I have a csv
file with multiple columns containing numeric values. However, some rows are missing a value in one or more columns. The missing value is denoted by 'x'.
How would I replace all the missing values ('x') with the average of all values in their column using Pandas?
df= pd.read_csv('file.csv')
CodePudding user response:
avg = df[column].mean()
df[column] = df[column].apply(lambda v: avg if v=="x" else v)
CodePudding user response:
The first thing to recognize is the columns that have 'x' in them are not integers. They are objects.
df = pd.read_csv('file.csv')
df
Col1 Col2
0 1 22
1 2 44
2 3 x
3 4 88
4 5 110
5 6 132
6 7 x
7 8 176
8 9 198
9 10 x
df.dtypes
Col1 int64
Col2 object
dtype: object
In order to get the mean of Col2, it needs to be converted to a numeric value.

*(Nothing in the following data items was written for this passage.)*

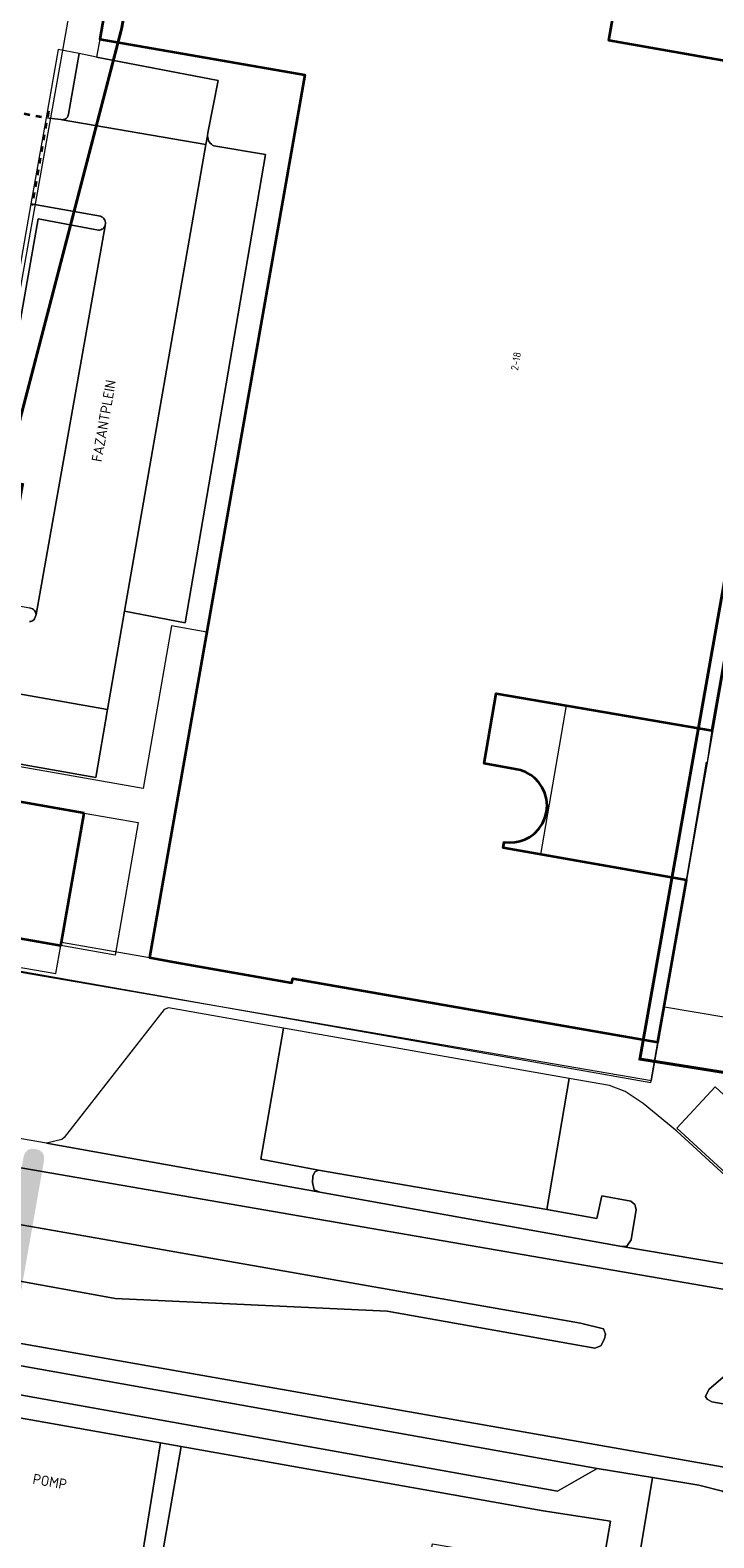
# Model space of a CAD drawing. Header units: metres. Extents: x 2514 to 227642, y 1683 to 852646.
# Tile 112 of 256: x 113824 to 113870, y 426171 to 426273. Entities that reach past the tile are written whole.
import ezdxf
from ezdxf.enums import TextEntityAlignment as Align
from ezdxf.lldxf.tags import DXFTag

# ---------------------------------------------------------------- set-up
doc = ezdxf.new("R2010")
doc.units = ezdxf.units.M
doc.linetypes.add('XX-CENTER', pattern=[8, 5, -1, 1, -1])
doc.linetypes.add('ZZ-HIDDEN-SO', pattern=[4, 2, -2])
for name, color, linetype, lineweight in [('B-WE-KG-GRENS_PERCEEL-GV', 252, 'KG-PERCEEL', 18), ('B-WE-OG-BEBOUWING-GV', 4, 'Continuous', 35), ('B-WE-OG-BEBOUWING_HUISNUMMER-T25-200', 7, 'Continuous', 25), ('B-WE-OG-BEBOUWING_LUIFEL-GV', 252, 'Continuous', 18), ('B-WE-OG-BEBOUWING_STRAATNAAM-T1000', 2, 'Continuous', 35), ('B-WE-OG-BEBOUWING_STRAATNAAM-T35', 2, 'Continuous', 35), ('B-WE-OG-TERREIN_CULTUURSCHEIDING-GV', 252, 'Continuous', 18), ('B-WE-VH-VERHARDING_ASFALT-GV', 252, 'Continuous', 18), ('B-WE-VH-VERHARDING_BETONSTRAATSTEEN-GV', 252, 'Continuous', 18), ('B-WE-VH-VERHARDING_GESLOTEN-GV', 252, 'Continuous', 18), ('B-WE-VH-VERHARDING_OPEN-GV', 252, 'Continuous', 18), ('B-WE-VH-VERHARDING_TEGEL-GV', 252, 'Continuous', 18), ('N-WE-KG-WERKGRENS-G', 7, 'XX-CENTER', 35), ('N-WE-VH-MATERIAALGRENS-G', 7, 'ZZ-HIDDEN-SO', 35)]:
    doc.layers.add(name, color=color, linetype=linetype, lineweight=lineweight)
doc.styles.add('NLCS-ISO-M200-T25', font='NLCS-ISO.ttf', dxfattribs={"height": 0.5})
doc.styles.add('NLCS-ISO-M200-T35', font='NLCS-ISO.ttf', dxfattribs={"height": 0.7})
doc.styles.get("Standard").update_dxf_attribs({"font": 'romans'})
tags = doc.linetypes.add('KG-PERCEEL', pattern='A,5.5,-2,["P",Standard,S=1.8,R=0,X=-0.5,Y=-0.9],-2,5.5,-2,[5,NLCS.SHX,S=0.75,R=0,X=0,Y=0],-2', length=19).pattern_tags.tags
tags[6] = DXFTag(74, 10)

msp = doc.modelspace()

# ---------------------------------------------------------------- linework, layer by layer
at = {"layer": 'B-WE-KG-GRENS_PERCEEL-GV', "ltscale": 0.2}
for points in [[(113806.766, 426245.856), (113804.734, 426234.285), (113802.596, 426222.108), (113816.888, 426219.635), (113829.686, 426291.517), (113835.15, 426312.433)], [(113816.888, 426219.635), (113815.241, 426210.386), (113865.98, 426201.682), (113866.854, 426206.651), (113880.048, 426281.633)], [(113895.813, 426201.766), (113866.854, 426206.651)]]:
    msp.add_lwpolyline(points, dxfattribs=at)
at = {"layer": 'B-WE-OG-BEBOUWING-GV'}
for points in [[(113831.423, 426288.29), (113828.615, 426272.196), (113842.515, 426269.771), (113831.995, 426210.003), (113833.82, 426209.681), (113841.635, 426208.303), (113841.687, 426208.598), (113866.414, 426204.266), (113868.354, 426215.248), (113855.945, 426217.428), (113856.011, 426217.823), (113856.366, 426217.791), (113856.721, 426217.81), (113857.07, 426217.879), (113857.406, 426217.997), (113857.722, 426218.161), (113858.064, 426218.414), (113858.357, 426218.721), (113858.595, 426219.073), (113858.77, 426219.46), (113858.876, 426219.872), (113858.912, 426220.295), (113858.875, 426220.719), (113858.767, 426221.13), (113858.591, 426221.517), (113858.352, 426221.868), (113858.094, 426222.141), (113857.797, 426222.372), (113857.47, 426222.556), (113857.118, 426222.689), (113856.751, 426222.768), (113854.661, 426223.137), (113855.458, 426227.888), (113870.098, 426225.377), (113879.99, 426281.592)], [(113871.934, 426270.543), (113863.093, 426272.097), (113865.117, 426283.637)]]:
    msp.add_lwpolyline(points, dxfattribs=at)
msp.add_lwpolyline([(113827.569, 426219.786), (113819.61, 426221.183), (113818.025, 426212.214), (113825.984, 426210.817), (113826.026, 426211.056)], close=True, dxfattribs=at)
at = {"layer": 'B-WE-OG-BEBOUWING_LUIFEL-GV'}
for points in [[(113831.995, 426210.003), (113835.873, 426232.035), (113833.485, 426232.455), (113831.549, 426221.458), (113817.689, 426223.898), (113815.327, 426210.477), (113865.932, 426201.537), (113866.414, 426204.266), (113841.687, 426208.598), (113841.635, 426208.303)], [(113858.49, 426216.981), (113860.22, 426227.071), (113855.458, 426227.888), (113854.661, 426223.137), (113856.751, 426222.768), (113857.118, 426222.689), (113857.47, 426222.556), (113857.797, 426222.372), (113858.094, 426222.141), (113858.352, 426221.868), (113858.591, 426221.517), (113858.767, 426221.13), (113858.875, 426220.719), (113858.912, 426220.295), (113858.876, 426219.872), (113858.77, 426219.46), (113858.595, 426219.073), (113858.357, 426218.721), (113858.064, 426218.414), (113857.722, 426218.161), (113857.406, 426217.997), (113857.07, 426217.879), (113856.721, 426217.81), (113856.366, 426217.791), (113856.011, 426217.823), (113855.945, 426217.428)], [(113825.984, 426210.817), (113818.025, 426212.214), (113819.61, 426221.183), (113827.569, 426219.786), (113831.227, 426219.144), (113829.653, 426210.171)]]:
    msp.add_lwpolyline(points, close=True, dxfattribs=at)
at = {"layer": 'B-WE-OG-TERREIN_CULTUURSCHEIDING-GV'}
for points in [[(113832.731, 426177.137), (113808.77, 426181.38), (113808.195, 426178.122), (113806.969, 426178.339), (113806.267, 426174.363), (113805.926, 426172.432), (113831.234, 426167.944)], [(113858.639, 426172.551), (113834.142, 426176.888), (113832.524, 426167.721), (113850.196, 426164.659), (113851.156, 426170.307), (113854.871, 426169.677), (113854.738, 426168.894), (113854.42, 426167.02), (113853.318, 426167.207), (113852.808, 426164.207), (113861.638, 426162.676), (113863.216, 426171.848)], [(113869.183, 426174.281), (113866.041, 426174.798), (113864.348, 426164.598), (113876.411, 426162.47), (114018.763, 426137.356), (114022.46, 426136.766), (114027.207, 426135.725), (114029.331, 426135.139), (114033.167, 426133.863), (114049.521, 426127.73), (114064.996, 426121.634), (114067.395, 426127.783), (114035.981, 426139.802), (114032.666, 426140.984), (114030.159, 426141.574), (114017.393, 426143.901), (113878.562, 426168.501), (113877.376, 426169.02), (113873.24, 426172.112), (113870.801, 426173.869)]]:
    msp.add_lwpolyline(points, close=True, dxfattribs=at)
at = {"layer": 'B-WE-VH-VERHARDING_ASFALT-GV'}
msp.add_lwpolyline([(113885.174, 426185.073), (113815.563, 426197.101), (113814.942, 426193.399), (113818.917, 426192.674), (113861.18, 426185.243), (113862.726, 426184.872), (113862.861, 426184.496), (113862.809, 426184.189), (113862.555, 426183.723), (113862.157, 426183.551), (113848.092, 426186.073), (113829.673, 426186.912), (113818.349, 426188.971), (113814.257, 426189.687), (113813.499, 426185.585), (113874.886, 426174.804)], dxfattribs=at)
for points in [[(113874.886, 426174.804), (113813.499, 426185.585), (113813.236, 426184.157), (113819.347, 426183.066), (113862.301, 426175.411), (113866.041, 426174.798), (113869.183, 426174.281), (113870.801, 426173.869), (113873.24, 426172.112), (113874.737, 426173.889), (113874.584, 426174.384), (113874.739, 426174.73)], [(113870.066, 426179.93), (113869.748, 426180.109), (113869.645, 426180.278), (113869.87, 426180.767), (113872.44, 426182.963), (113872.727, 426183.069), (113873.105, 426183.05), (113895.831, 426176.345), (113896.019, 426176.233), (113896.14, 426176.061), (113896.132, 426175.842), (113895.843, 426175.474), (113895.484, 426175.403)]]:
    msp.add_lwpolyline(points, close=True, dxfattribs=at)
at = {"layer": 'B-WE-VH-VERHARDING_BETONSTRAATSTEEN-GV'}
for points in [[(113827.227, 426271.21), (113825.791, 426271.49), (113824.98, 426266.868), (113825.972, 426266.749), (113826.011, 426266.742), (113826.078, 426266.733), (113826.146, 426266.739), (113826.212, 426266.756), (113826.275, 426266.783), (113826.333, 426266.82), (113826.384, 426266.865), (113826.427, 426266.918), (113826.462, 426266.977), (113826.487, 426267.04), (113826.501, 426267.107)], [(113828.403, 426270.981), (113827.227, 426271.21), (113826.501, 426267.107), (113826.487, 426267.04), (113826.462, 426266.977), (113826.427, 426266.918), (113826.384, 426266.865), (113826.333, 426266.82), (113826.275, 426266.783), (113826.212, 426266.756), (113826.146, 426266.739), (113826.078, 426266.733), (113835.811, 426265.064), (113835.912, 426265.64), (113835.946, 426265.838), (113836.634, 426269.38)], [(113828.532, 426259.257), (113824.447, 426260.013), (113819.933, 426234.429), (113823.852, 426233.679), (113823.93, 426233.67), (113824.005, 426233.647), (113824.075, 426233.612), (113824.139, 426233.566), (113824.194, 426233.51), (113824.238, 426233.445), (113824.271, 426233.374), (113824.304, 426233.224), (113828.974, 426259.54), (113828.934, 426259.471), (113828.884, 426259.409), (113828.825, 426259.357), (113828.757, 426259.315), (113828.686, 426259.283), (113828.61, 426259.264)], [(113841.066, 426205.227), (113833.276, 426206.598), (113832.988, 426206.488), (113826.199, 426197.813), (113826.049, 426197.685), (113825.014, 426197.447), (113843.514, 426194.113), (113843.15, 426194.284), (113843.03, 426194.779), (113843.05, 426195.213), (113843.195, 426195.492), (113843.429, 426195.62), (113839.522, 426196.364)], [(113863.136, 426201.344), (113860.41, 426201.824), (113858.895, 426192.954), (113862.291, 426192.344), (113862.617, 426193.879), (113864.587, 426193.513), (113864.861, 426193.287), (113864.937, 426192.943), (113864.604, 426190.896), (113864.318, 426190.468), (113863.966, 426190.436), (113878.948, 426187.907), (113873.967, 426192.495), (113867.711, 426198.258), (113865.409, 426200.114), (113864.196, 426200.942)], [(113861.18, 426185.243), (113818.917, 426192.674), (113818.349, 426188.971), (113829.673, 426186.912), (113848.092, 426186.073), (113862.157, 426183.551), (113862.555, 426183.723), (113862.809, 426184.189), (113862.861, 426184.496), (113862.726, 426184.872)], [(113862.301, 426175.411), (113819.347, 426183.066), (113820.922, 426180.796), (113859.628, 426173.882)], [(113873.105, 426183.05), (113872.727, 426183.069), (113872.44, 426182.963), (113869.87, 426180.767), (113869.645, 426180.278), (113869.748, 426180.109), (113870.066, 426179.93), (113895.484, 426175.403), (113895.843, 426175.474), (113896.132, 426175.842), (113896.14, 426176.061), (113896.019, 426176.233), (113895.831, 426176.345)]]:
    msp.add_lwpolyline(points, close=True, dxfattribs=at)
msp.add_lwpolyline([(113818.643, 426228.652), (113829.146, 426226.793), (113830.288, 426233.449), (113835.811, 426265.064), (113826.078, 426266.733), (113826.011, 426266.742), (113825.972, 426266.749), (113824.98, 426266.868), (113823.959, 426261.047), (113828.66, 426260.197), (113828.737, 426260.168), (113828.808, 426260.126), (113828.871, 426260.072), (113828.923, 426260.009), (113828.964, 426259.937), (113828.992, 426259.86), (113829.007, 426259.779), (113829.007, 426259.696), (113828.993, 426259.615), (113828.974, 426259.54), (113824.304, 426233.224), (113824.295, 426233.156), (113824.2, 426232.929), (113824.147, 426232.873), (113824.086, 426232.826), (113824.018, 426232.79), (113823.945, 426232.765), (113823.869, 426232.753)], dxfattribs=at)
at = {"layer": 'B-WE-VH-VERHARDING_GESLOTEN-GV'}
msp.add_lwpolyline([(113825.014, 426197.447), (113815.886, 426199.024), (113815.563, 426197.101), (113885.174, 426185.073), (113885.453, 426186.773), (113885.003, 426186.847), (113878.948, 426187.907), (113863.966, 426190.436), (113843.514, 426194.113)], close=True, dxfattribs=at)
at = {"layer": 'B-WE-VH-VERHARDING_OPEN-GV'}
for points in [[(113842.515, 426269.771), (113828.615, 426272.196), (113828.403, 426270.981), (113836.634, 426269.38), (113835.946, 426265.838), (113835.912, 426265.64), (113835.991, 426265.299), (113836.042, 426265.215), (113836.104, 426265.139), (113836.176, 426265.073), (113836.256, 426265.017), (113836.344, 426264.973), (113839.833, 426264.386), (113834.402, 426232.674), (113830.288, 426233.449), (113829.146, 426226.793), (113828.357, 426222.199), (113818.764, 426223.897), (113818.044, 426224.029), (113817.596, 426221.552), (113819.61, 426221.183), (113827.569, 426219.786), (113826.026, 426211.056), (113831.995, 426210.003)], [(113835.991, 426265.299), (113835.912, 426265.64), (113835.811, 426265.064), (113830.288, 426233.449), (113834.402, 426232.674), (113839.833, 426264.386), (113836.344, 426264.973), (113836.256, 426265.017), (113836.176, 426265.073), (113836.104, 426265.139), (113836.042, 426265.215)], [(113819.61, 426221.183), (113817.596, 426221.552), (113817.329, 426220.075), (113816.198, 426220.279), (113815.735, 426217.619), (113816.935, 426217.413), (113815.778, 426210.624), (113825.644, 426208.917), (113825.984, 426210.817), (113818.025, 426212.214)], [(113860.41, 426201.824), (113841.066, 426205.227), (113839.522, 426196.364), (113843.429, 426195.62), (113858.895, 426192.954)], [(113875.809, 426196.163), (113870.287, 426201.249), (113867.71, 426198.452), (113873.231, 426193.365)]]:
    msp.add_lwpolyline(points, close=True, dxfattribs=at)
for points in [[(113819.933, 426234.429), (113824.447, 426260.013), (113828.532, 426259.257), (113828.61, 426259.264), (113828.686, 426259.283), (113828.757, 426259.315), (113828.825, 426259.357), (113828.884, 426259.409), (113828.934, 426259.471), (113828.974, 426259.54), (113828.993, 426259.615), (113829.007, 426259.696), (113829.007, 426259.779), (113828.992, 426259.86), (113828.964, 426259.937), (113828.923, 426260.009), (113828.871, 426260.072), (113828.808, 426260.126), (113828.737, 426260.168), (113828.66, 426260.197), (113823.959, 426261.047), (113819.156, 426233.663)], [(113823.869, 426232.753), (113823.945, 426232.765), (113824.018, 426232.79), (113824.086, 426232.826), (113824.147, 426232.873), (113824.2, 426232.929), (113824.295, 426233.156), (113824.304, 426233.224), (113824.271, 426233.374), (113824.238, 426233.445), (113824.194, 426233.51), (113824.139, 426233.566), (113824.075, 426233.612), (113824.005, 426233.647), (113823.93, 426233.67), (113823.852, 426233.679)]]:
    msp.add_lwpolyline(points, dxfattribs=at)
at = {"layer": 'B-WE-VH-VERHARDING_TEGEL-GV'}
for points in [[(113874.058, 426282.62), (113865.324, 426284.153), (113865.215, 426283.617), (113865.117, 426283.637), (113863.093, 426272.097), (113871.934, 426270.543)], [(113829.146, 426226.793), (113818.643, 426228.652), (113818.789, 426228.604), (113818.926, 426228.536), (113819.051, 426228.447), (113819.161, 426228.341), (113819.254, 426228.219), (113819.329, 426228.083), (113819.382, 426227.937), (113819.412, 426227.785), (113819.419, 426227.63), (113818.764, 426223.897), (113828.357, 426222.199)], [(113870.098, 426225.377), (113855.458, 426227.888), (113854.661, 426223.137), (113856.751, 426222.768), (113857.118, 426222.689), (113857.47, 426222.556), (113857.797, 426222.372), (113858.094, 426222.141), (113858.352, 426221.868), (113858.591, 426221.517), (113858.767, 426221.13), (113858.875, 426220.719), (113858.912, 426220.295), (113858.876, 426219.872), (113858.77, 426219.46), (113858.595, 426219.073), (113858.357, 426218.721), (113858.064, 426218.414), (113857.722, 426218.161), (113857.406, 426217.997), (113857.07, 426217.879), (113856.721, 426217.81), (113856.366, 426217.791), (113856.011, 426217.823), (113855.945, 426217.428), (113868.354, 426215.248), (113869.719, 426223.241), (113869.772, 426223.232)], [(113867.71, 426198.452), (113870.287, 426201.249), (113875.809, 426196.163), (113873.231, 426193.365)], [(113858.895, 426192.954), (113843.429, 426195.62), (113843.195, 426195.492), (113843.05, 426195.213), (113843.03, 426194.779), (113843.15, 426194.284), (113843.514, 426194.113), (113863.966, 426190.436), (113864.318, 426190.468), (113864.604, 426190.896), (113864.937, 426192.943), (113864.861, 426193.287), (113864.587, 426193.513), (113862.617, 426193.879), (113862.291, 426192.344)], [(113813.236, 426184.157), (113808.154, 426185.055), (113806.969, 426178.339), (113808.195, 426178.122), (113808.77, 426181.38), (113832.731, 426177.137), (113834.142, 426176.888), (113858.639, 426172.551), (113863.216, 426171.848), (113861.638, 426162.676), (113861.273, 426160.554), (113850.23, 426096.14), (113852.382, 426095.75), (113852.646, 426097.024), (113853.781, 426102.508), (113860.712, 426142.69), (113864.348, 426164.598), (113866.041, 426174.798), (113862.301, 426175.411), (113859.628, 426173.882), (113820.922, 426180.796), (113819.347, 426183.066)], [(113834.142, 426176.888), (113832.731, 426177.137), (113831.234, 426167.944), (113805.926, 426172.432), (113805.504, 426170.017), (113842.247, 426163.65), (113842.274, 426163.798), (113850.173, 426162.43), (113850.841, 426162.317), (113859.602, 426160.836), (113861.273, 426160.554), (113861.638, 426162.676), (113852.808, 426164.207), (113850.196, 426164.659), (113832.524, 426167.721)]]:
    msp.add_lwpolyline(points, close=True, dxfattribs=at)
at = {"layer": 'N-WE-KG-WERKGRENS-G', "ltscale": 0.5, "const_width": 0.2, "flags": 128}
msp.add_lwpolyline([(113539.652, 426425.541), (113533.034, 426426.579), (113512.978, 426310.885), (113509.106, 426305.095), (113507.039, 426292.73), (113504.728, 426279.396), (113497.949, 426267.392), (113491.721, 426263.905), (113496.136, 426256.365), (113502.435, 426260.053, -0.1822316), (113509.838, 426261.318, -0.1265436), (113516.642, 426258.09), (113523.828, 426262.829), (113521.668, 426266.104), (113525.98, 426265.334), (113539.291, 426339.571), (113541.863, 426353.106), (113543.716, 426365.72), (113550.178, 426401.905), (113551.547, 426409.78), (113574.553, 426405.734), (113573.157, 426397.506), (113607.198, 426391.573), (113606.914, 426389.946), (113619.162, 426387.845), (113613.609, 426356.275), (113601.182, 426358.276), (113600.845, 426356.182), (113597.954, 426356.648), (113593.562, 426350.547), (113574.97, 426354.003), (113574.327, 426350.546), (113615.634, 426343.691), (113593.57, 426263.699, 0.3569731), (113596.583, 426256.89), (113595.271, 426248.698), (113599.487, 426248.023), (113601.054, 426254.868), (113602.72, 426255.869), (113636.901, 426249.843), (113711.239, 426237.251), (113711.078, 426236.35), (113716.526, 426235.533), (113716.685, 426236.595), (113718.512, 426236.321), (113734.103, 426277.353), (113735.865, 426278.617), (113776.182, 426271.575), (113774.564, 426262.996), (113804.256, 426258), (113798.274, 426223.759), (113796.469, 426212.743), (113816.717, 426209.189), (113821.532, 426236.979), (113822.449, 426236.82), (113823.388, 426242.034), (113822.132, 426242.26), (113830.108, 426272.94), (113832.685, 426287.571), (113850.983, 426284.543), (113878.799, 426279.99), (113865.198, 426203.132), (113884.246, 426200.097), (113884.458, 426196.374), (113883.446, 426190.397), (113921.214, 426183.978), (113921.482, 426185.328), (113923.778, 426184.872), (113926.223, 426198.093), (113928.449, 426210.745), (113964.907, 426204.42), (113960.406, 426178.602), (113963.561, 426178.134), (113967.734, 426203.401), (113997.515, 426198.193), (113998.702, 426198.006), (113998.957, 426199.616), (114022.375, 426195.633), (114018.261, 426170.621), (114024.177, 426169.647), (114029.085, 426200.395), (114026.448, 426200.718), (114031.499, 426230.088), (114054.44, 426226.248), (114057.477, 426225.696), (114056.841, 426222.197), (114059.961, 426221.626), (114065.65, 426244.354), (114035.59, 426249.218), (114041.184, 426283.399), (114056.073, 426280.709), (114056.721, 426283.698), (114042.185, 426286.164), (114046.915, 426313.16), (114065.34, 426310.078), (114066.402, 426316.804), (114058.916, 426317.879), (114056.3, 426327.344), (114067.79, 426392.772), (114039.145, 426397.909), (113967.805, 426410.127), (113958.58, 426362.909), (114027.859, 426351.392), (114036.556, 426349.826), (114034.317, 426336.794), (114032.043, 426337.194), (114031.497, 426333.947), (114035.343, 426333.283), (114031.409, 426310.162), (113989.982, 426317.452), (113994.21, 426340.55), (114008.87, 426338.023), (114009.525, 426341.433), (113875.208, 426365.513)], format="xyb", dxfattribs=at)
at = {"layer": 'N-WE-VH-MATERIAALGRENS-G', "ltscale": 0.2}
for points in [[(113820.339, 426267.7), (113825.061, 426266.87)], [(113825.139, 426267.313), (113824.016, 426260.927)]]:
    msp.add_lwpolyline(points, dxfattribs=at)

# ---------------------------------------------------------------- texts
at = {"layer": 'B-WE-OG-BEBOUWING_HUISNUMMER-T25-200', "style": 'NLCS-ISO-M200-T25'}
msp.add_text('2-18', height=0.5, rotation=80, dxfattribs=at).set_placement((113856.8, 426250.386), align=Align.MIDDLE)
at = {"layer": 'B-WE-OG-BEBOUWING_STRAATNAAM-T1000', "style": 'NLCS-ISO-M200-T35'}
msp.add_text('THORBECKELAAN', height=15, rotation=350, dxfattribs=at).set_placement((113750.846, 426202.329), align=Align.MIDDLE)
at = {"layer": 'B-WE-OG-BEBOUWING_STRAATNAAM-T35', "style": 'NLCS-ISO-M200-T35'}
for s, rotation, p in [('FAZANTPLEIN', 80, (113828.892, 426246.347)), ('POMP', 350, (113825.241, 426174.522))]:
    msp.add_text(s, height=0.7, rotation=rotation, dxfattribs=at).set_placement(p, align=Align.MIDDLE)

doc.saveas('drawing.dxf')

df['Col2'] = pd.to_numeric(df['Col2'], errors='coerce').astype('Int64')
df.dtypes
Col1 int64
Col2 Int64
dtype: object
The df now looks like so:
df
Col1 Col2
0 1 22
1 2 44
2 3 <NA>
3 4 88
4 5 110
5 6 132
6 7 <NA>
7 8 176
8 9 198
9 10 <NA>
Now we can use fillna() with df['Col2'].mean():
df['Col2'] = df['Col2'].fillna(df['Col2'].mean())
df
Col1 Col2
0 1 22
1 2 44
2 3 110
3 4 88
4 5 110
5 6 132
6 7 110
7 8 176
8 9 198
9 10 110
CodePudding user response:
You're going to run into problems taking the mean of columns that have non-numeric values such as 'x'. You'll have to fix that first, such as with df = df.replace('x',np.nan)
(this works only if x
is the only non-numeric value) and then you can dodf = df.fillna(df.mean())
. If you start out with integers, the columns with x
in them will be converted to float (even the rows that weren't replaced), so if you don't want that, you'll have to do more work.